Brexit Direction Sign with sky as a background

1. Brexit – It’s Starting to Get Real

Late last week news broke that UK Prime Minister Theresa May will outline her Brexit strategy in a speech at Lancaster House in London on Tuesday January 17th. As generally happens in situations like this, government ministers and political spin-doctors begin to leak details of the strategy in the days beforehand, and this occasion has been no different. During the weekend, various Ministers and Advisors have been appearing on television and radio chat shows, giving hints as to what might be expected from the speech. It appears that PM May will signal she intends to pursue a “hard Brexit” strategy, intending to quit the EU’s single market for goods and services in return for two of her key demands – being able to control immigration and removing Britain from the jurisdiction of the European Court of Justice. Government sources have admitted that this news is likely to cause a “market reaction” – meaning they expected the UK currency to come under further downward pressure. Whilst publicly still maintaining that it will be possible to agree a trade deal with the EU within two years of triggering Article 50, privately many UK government ministers are admitting that there may be a need for a transitional deal to avoid tariffs being imposed when Brexit actually occurs.
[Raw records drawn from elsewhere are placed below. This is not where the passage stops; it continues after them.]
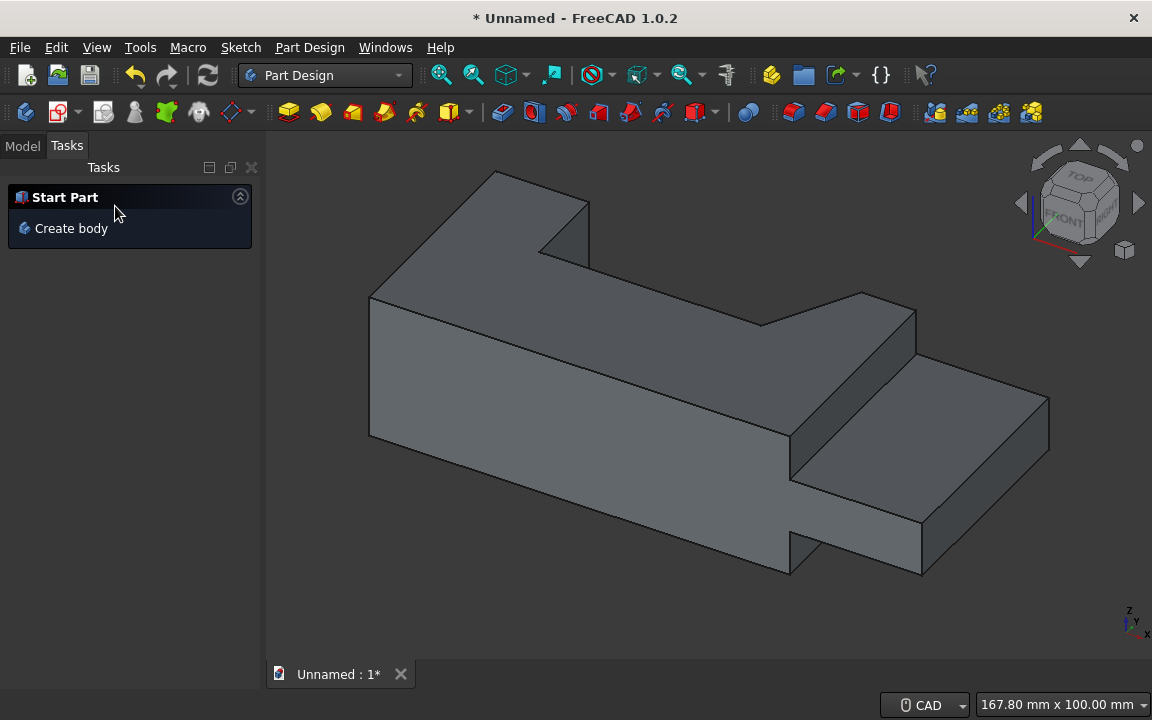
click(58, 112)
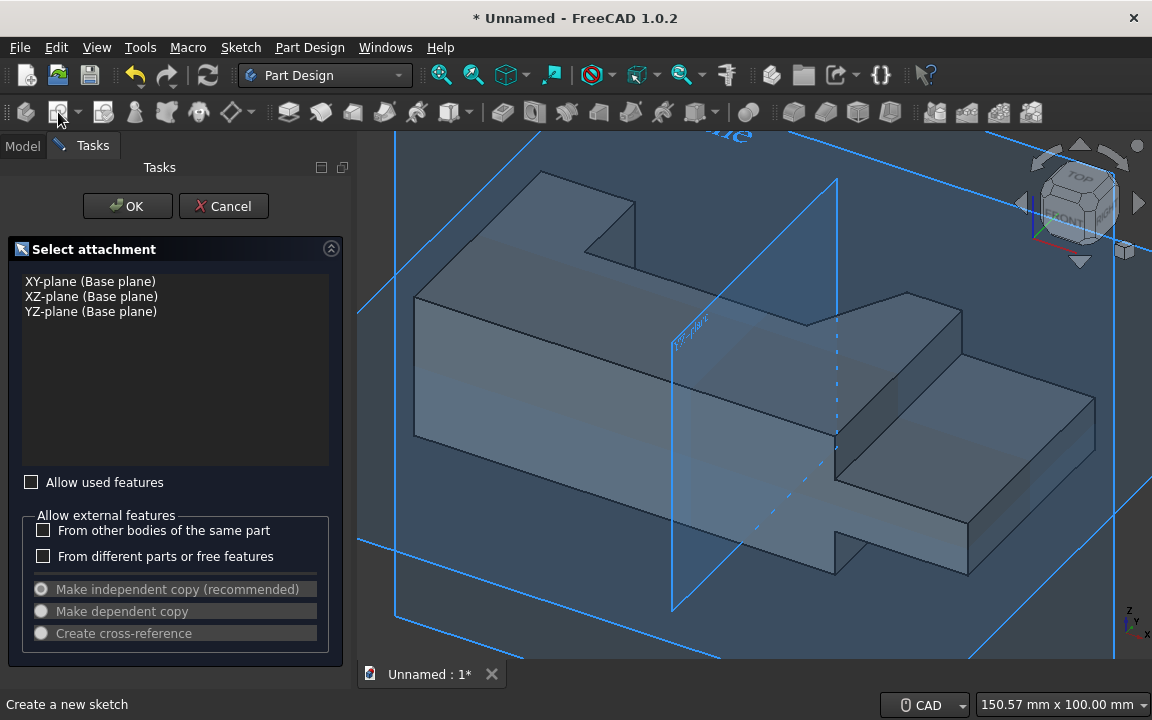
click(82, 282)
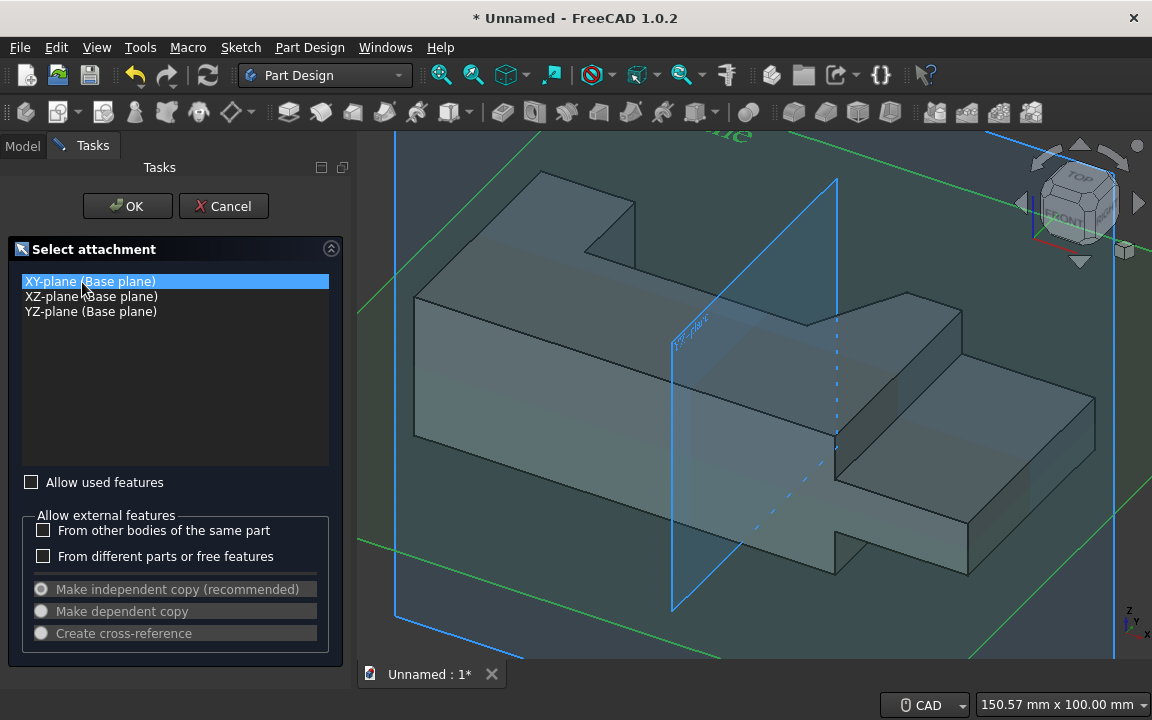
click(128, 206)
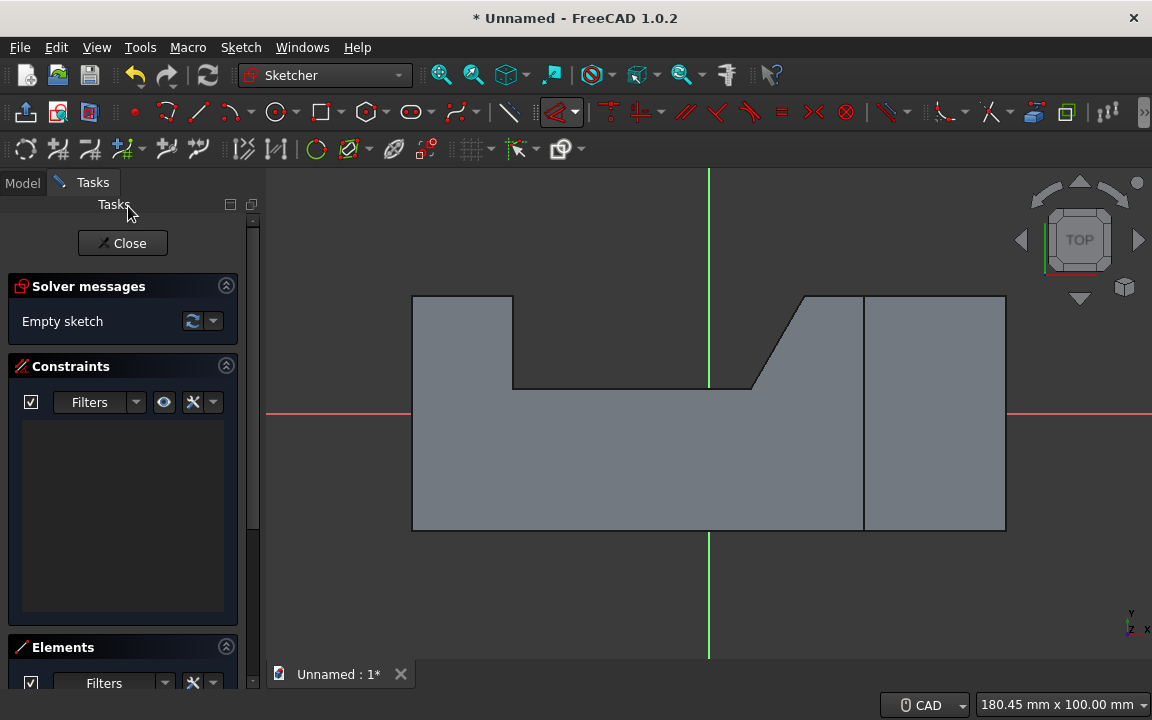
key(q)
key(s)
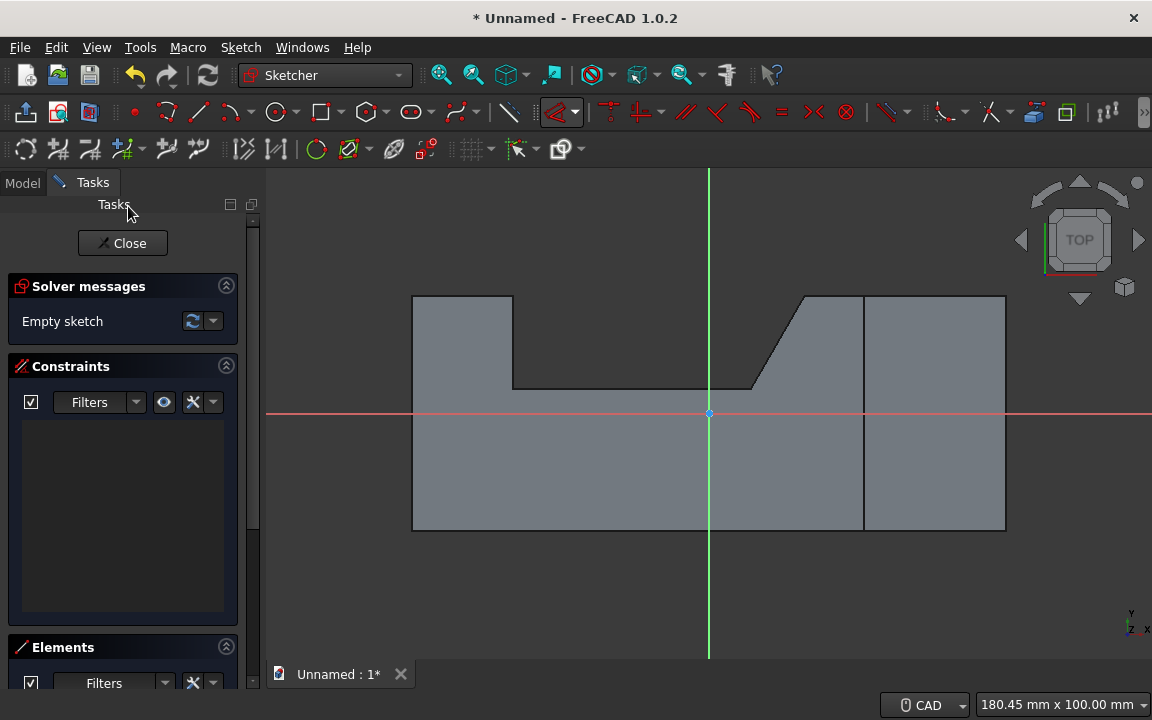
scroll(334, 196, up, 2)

Over the weekend, a cross-party group of politicians who were tasked with advising on a Brexit strategy told the UK government in no uncertain terms that a formal white paper setting out the government’s priorities and plans should be published by the middle of February. Meanwhile the government is still awaiting the result of an appeal to the UK Supreme Court on whether the government needs to consult parliament before triggering Article 50. That verdict is expected sometime within the next two weeks. In an interview with a German newspaper, UK Minister for Finance Philip Hammond appeared to suggest that the UK was prepared to do whatever was necessary to regain competitiveness, even to the extent of slashing UK corporate tax rates in order to attract (or even maintain) investment in the economy. We have always maintained that the real effect of Brexit on the UK economy would only be apparent when the actual process of Brexit started, and it looks like that should start this week. We continue to believe that an underweight stance in UK government bonds is warranted against this backdrop.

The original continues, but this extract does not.